+++ RECORDS SUPPLIED

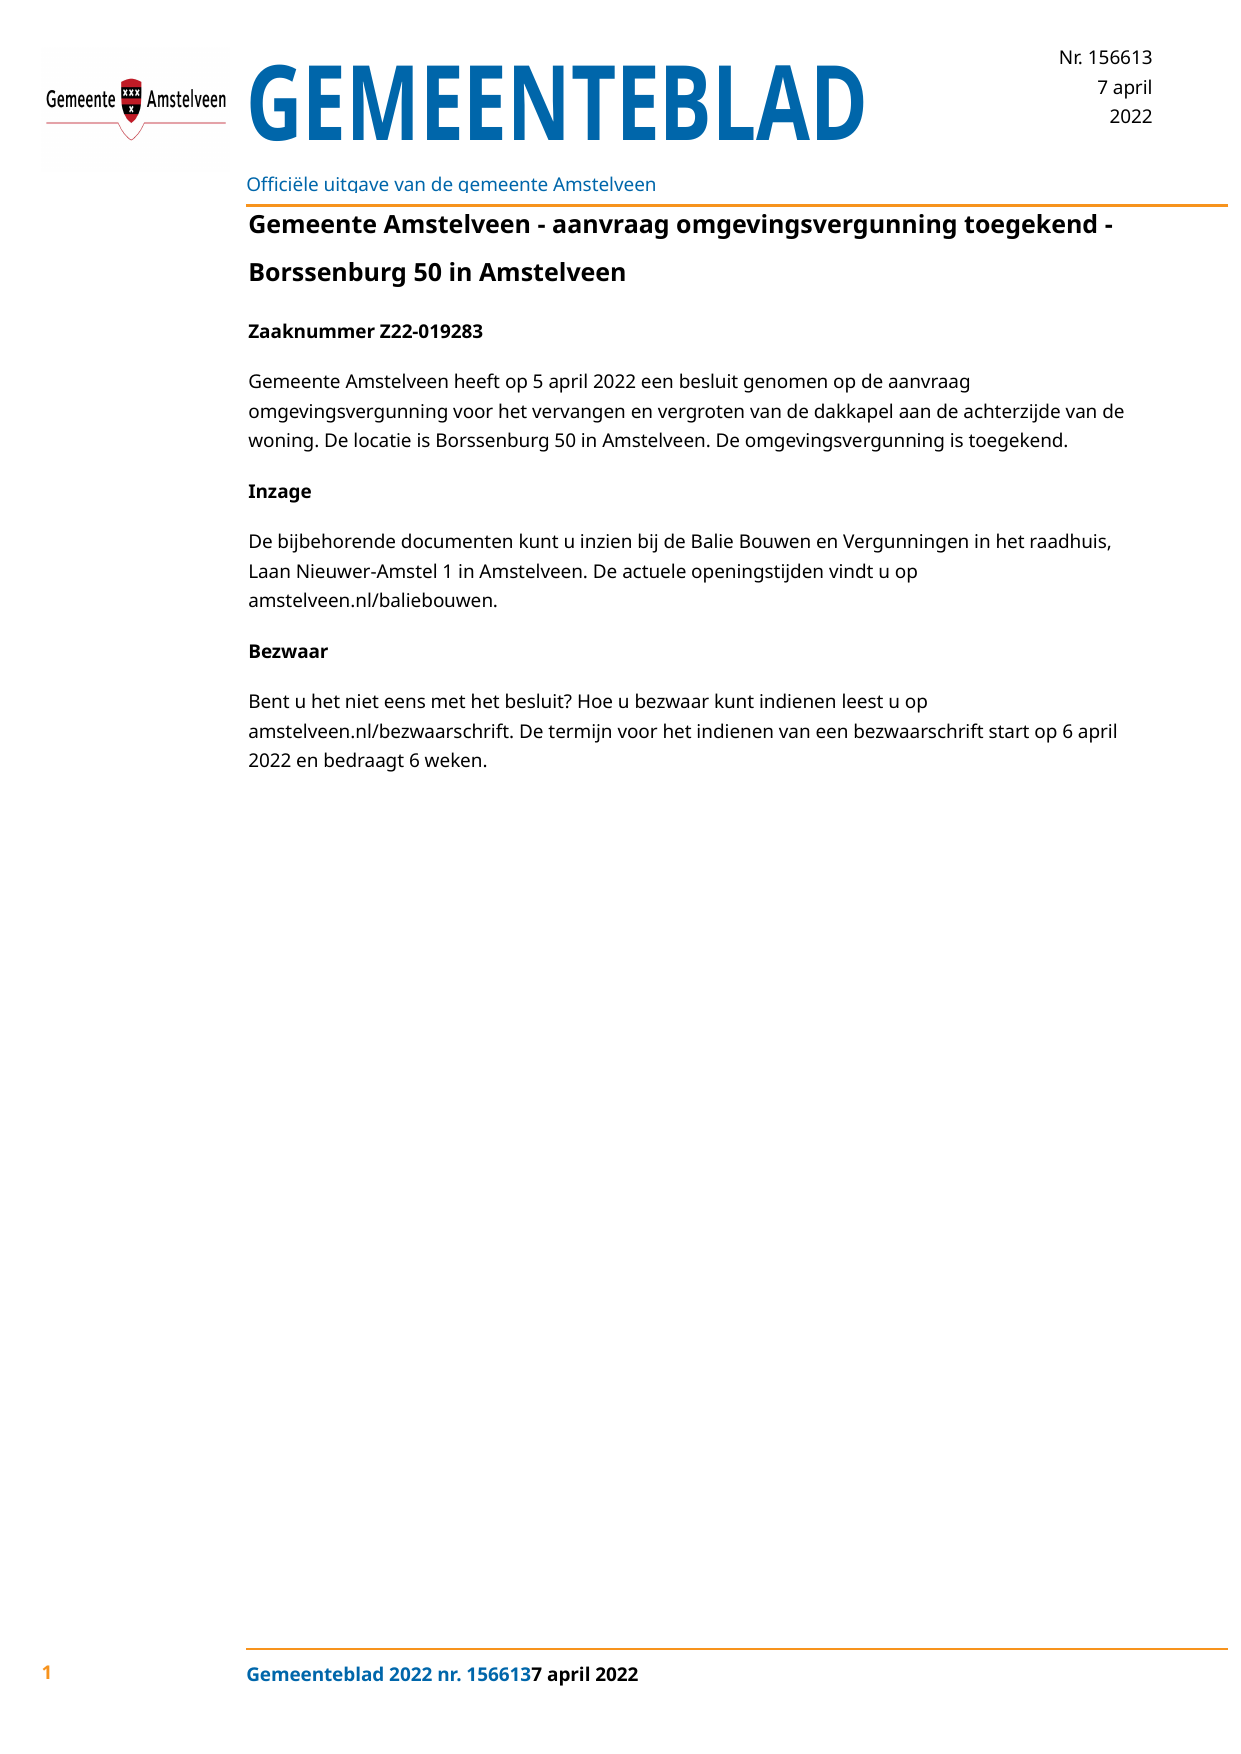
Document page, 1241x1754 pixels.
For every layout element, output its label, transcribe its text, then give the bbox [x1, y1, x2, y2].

picture [41, 47, 231, 172]
text Gemeente Amstelveen heeft op 5 april 2022 een besluit genomen op de aanvraag omgevingsvergunning voor het vervangen en vergroten van de dakkapel aan de achterzijde van de woning. De locatie is Borssenburg 50 in Amstelveen. De omgevingsvergunning is toegekend. [248, 368, 1152, 453]
text Inzage [248, 478, 1152, 504]
text Bent u het niet eens met het besluit? Hoe u bezwaar kunt indienen leest u op amstelveen.nl/bezwaarschrift. De termijn voor het indienen van een bezwaarschrift start op 6 april 2022 en bedraagt 6 weken. [248, 688, 1152, 773]
text Zaaknummer Z22-019283 [248, 318, 1152, 344]
text De bijbehorende documenten kunt u inzien bij de Balie Bouwen en Vergunningen in het raadhuis, Laan Nieuwer-Amstel 1 in Amstelveen. De actuele openingstijden vindt u op amstelveen.nl/baliebouwen. [248, 528, 1152, 613]
text Gemeente Amstelveen - aanvraag omgevingsvergunning toegekend - Borssenburg 50 in Amstelveen [248, 207, 1152, 288]
text Bezwaar [248, 638, 1152, 664]

++++++

*WHAT YOU HAVE TO DO*.
All lines from the line holding "text Gemeente Amstelveen - aanvraag" through the end of the records above need to be transcribed exactly, and no other text should appear.

*OUTPUT OF THE TASK*.
text Gemeente Amstelveen - aanvraag omgevingsvergunning toegekend - Borssenburg 50 in Amstelveen [248, 207, 1152, 288]
text Bezwaar [248, 638, 1152, 664]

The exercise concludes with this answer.